Dans l’émission “1 candidat, 1 projet” diffusée sur Gabon 1ère, Alain-Claude Bilie-By-Nze a qualifié le rachat d’Assala Energy par la Gabon Oil Company (GOC) de véritable « catastrophe industrielle et financière ». Pour l’ancien Premier ministre et candidat à la présidentielle du 12 avril prochain, l’État aurait commis une erreur stratégique majeure en misant sur des champs pétroliers matures, à l’abandon, plutôt que d’investir intelligemment dans l’aval pétrolier, soit dans le stockage, la distribution et la pétrochimie, là où la valeur ajoutée locale est plus forte. Tentant de répondre à l’ancien Premier ministre, Arnauld Calixte Engandji-Alandji, ancien ADG de Gabon Oil Company (GOC) sous Ali Bongo et conseiller spécial du président de la Transition, a donné quelques éléments d’appréciation, mais qui laissent perplexe.
Chez nos confrères de Gabon Media Time, l’ancien administrateur-directeur général de la GOC, renverse l’argument : « L’erreur initiale, dit-il, c’est d’avoir permis la vente des actifs de Shell à un fonds d’investissement. » Pour lui, Carlyle, propriétaire d’Assala, n’était pas un opérateur industriel mais un acteur financier, dont la seule logique est celle du profit rapide via l’achat-restructuration-revente. Le rachat par l’État, selon lui, s’inscrit dans une logique de souveraineté, d’autant que Maurel & Prom (filiale de Pertamina, compagnie nationale indonésienne) était sur le point de s’en emparer.
Engandji-Alandji évoque également une stratégie plus large portée par le président Oligui Nguema, notamment le développement de dépôts pétroliers pour garantir une sécurité énergétique de 6 à 12 mois, évitant ainsi les investissements coûteux dans les raffineries. Il y voit une approche rationnelle, adaptée aux réalités financières du pays.
Mais cette ligne de défense montre des limites. D’abord, Engandji-Alandji n’aborde jamais directement le coût colossal du rachat, estimé à plus de 700 milliards fcfa, alors même que le contexte budgétaire est tendu. Ensuite, il évacue la question centrale soulevée par Bilie-By-Nze : pourquoi ne pas concentrer ces ressources sur l’aval pétrolier, moins risqué, plus accessible, et potentiellement plus rentable pour l’économie locale ? Le raffinage, la distribution ou encore la pétrochimie permettant de générer de l’emploi, de structurer un tissu industriel local, et de réduire les importations de produits finis de l’étranger.
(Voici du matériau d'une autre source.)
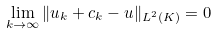<formula> <loc_0><loc_0><loc_500><loc_500>\lim _ { k \to \infty } \| u _ { k } + c _ { k } - u \| _ { L ^ { 2 } ( K ) } = 0</formula> 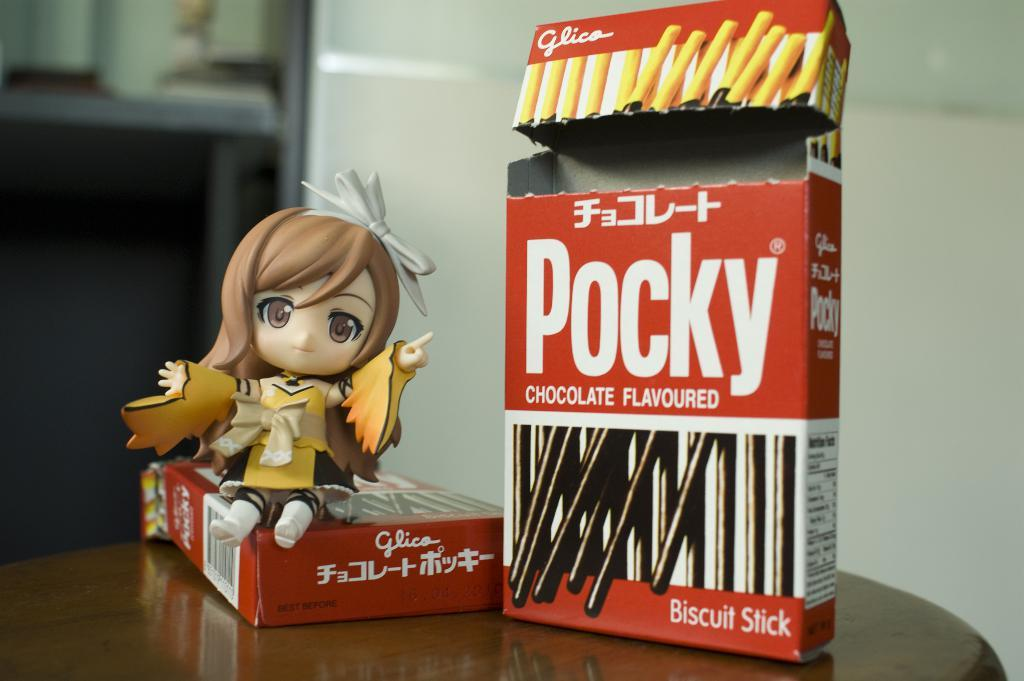How many boxes are present in the image? There are two boxes in the image. What type of toy can be seen in the image? There is a toy of a girl in the image. Where are the objects located in the image? The objects are on a table. What can be seen in the background of the image? There is a wall visible in the background of the image, and it appears blurry. Are there any cent-shaped objects visible in the image? There are no cent-shaped objects present in the image. Is there a volcano erupting in the background of the image? There is no volcano present in the image, and it does not show any eruption. 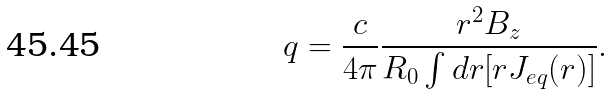<formula> <loc_0><loc_0><loc_500><loc_500>q = \frac { c } { 4 \pi } \frac { r ^ { 2 } B _ { z } } { R _ { 0 } \int d r [ r J _ { e q } ( r ) ] } .</formula> 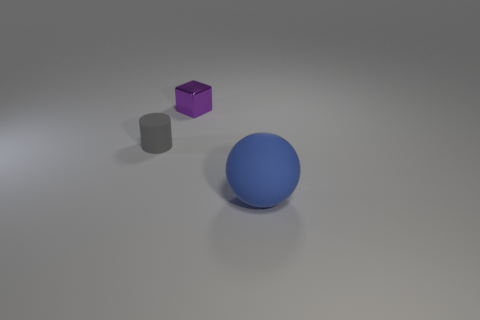Are there any other things that are the same size as the blue rubber sphere?
Make the answer very short. No. Is there anything else that is made of the same material as the small block?
Offer a terse response. No. What number of other objects are there of the same size as the gray matte cylinder?
Provide a short and direct response. 1. What number of objects are either tiny gray matte things in front of the purple cube or objects that are behind the big blue rubber ball?
Ensure brevity in your answer.  2. How many other big rubber objects have the same shape as the blue object?
Offer a very short reply. 0. The thing that is both in front of the purple object and to the right of the cylinder is made of what material?
Keep it short and to the point. Rubber. There is a cylinder; what number of tiny cubes are behind it?
Provide a short and direct response. 1. What number of brown objects are there?
Ensure brevity in your answer.  0. Does the cylinder have the same size as the blue sphere?
Provide a succinct answer. No. Are there any small purple shiny things that are behind the matte object on the right side of the matte thing to the left of the large thing?
Provide a succinct answer. Yes. 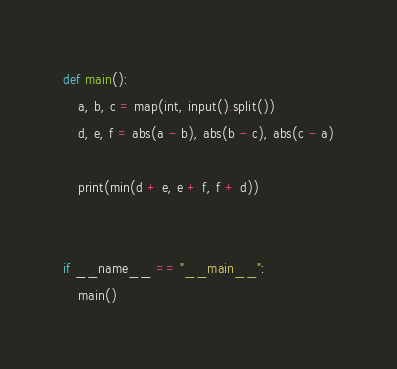Convert code to text. <code><loc_0><loc_0><loc_500><loc_500><_Python_>def main():
    a, b, c = map(int, input().split())
    d, e, f = abs(a - b), abs(b - c), abs(c - a)

    print(min(d + e, e + f, f + d))


if __name__ == "__main__":
    main()
</code> 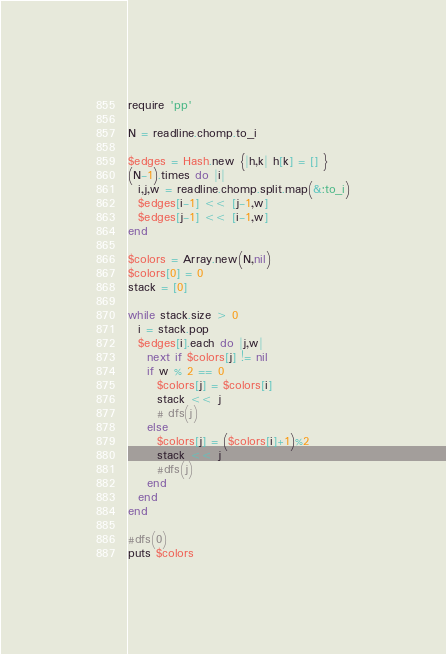Convert code to text. <code><loc_0><loc_0><loc_500><loc_500><_Ruby_>require 'pp'

N = readline.chomp.to_i

$edges = Hash.new {|h,k| h[k] = [] }
(N-1).times do |i|
  i,j,w = readline.chomp.split.map(&:to_i)
  $edges[i-1] << [j-1,w]
  $edges[j-1] << [i-1,w]
end

$colors = Array.new(N,nil)
$colors[0] = 0
stack = [0]

while stack.size > 0
  i = stack.pop
  $edges[i].each do |j,w|
    next if $colors[j] != nil
    if w % 2 == 0
      $colors[j] = $colors[i]
      stack << j
      # dfs(j)
    else
      $colors[j] = ($colors[i]+1)%2
      stack << j
      #dfs(j)
    end
  end
end

#dfs(0)
puts $colors
</code>

Par ailleurs, l’exploitation de champs matures nécessite un savoir-faire pointu, des technologies avancées et une capacité à absorber d’éventuelles pertes. Même si l’État monte en compétence, il prend le pari d’un retour sur investissement incertain, dans un secteur en mutation constante. Pour finir, Arnauld Engandji compare ce rachat avec « l’implantation d’une station-service à Okandja », ce qui paraît discutable : ce qui peut relever du service public ou d’une politique d’aménagement du territoire ne justifie pas, en soi, un investissement massif dans l’amont pétrolier.
Au final, ce débat met en lumière deux visions de l’avenir pétrolier du Gabon : celle d’un rachat souverainiste visant à préserver des actifs et des revenus, face à celle d’une industrialisation plus structurante et orientée vers la transformation locale. Le défi pour les autorités reste de prouver que ce choix stratégique ne se traduira pas, à terme, par un gouffre financier pour le pays.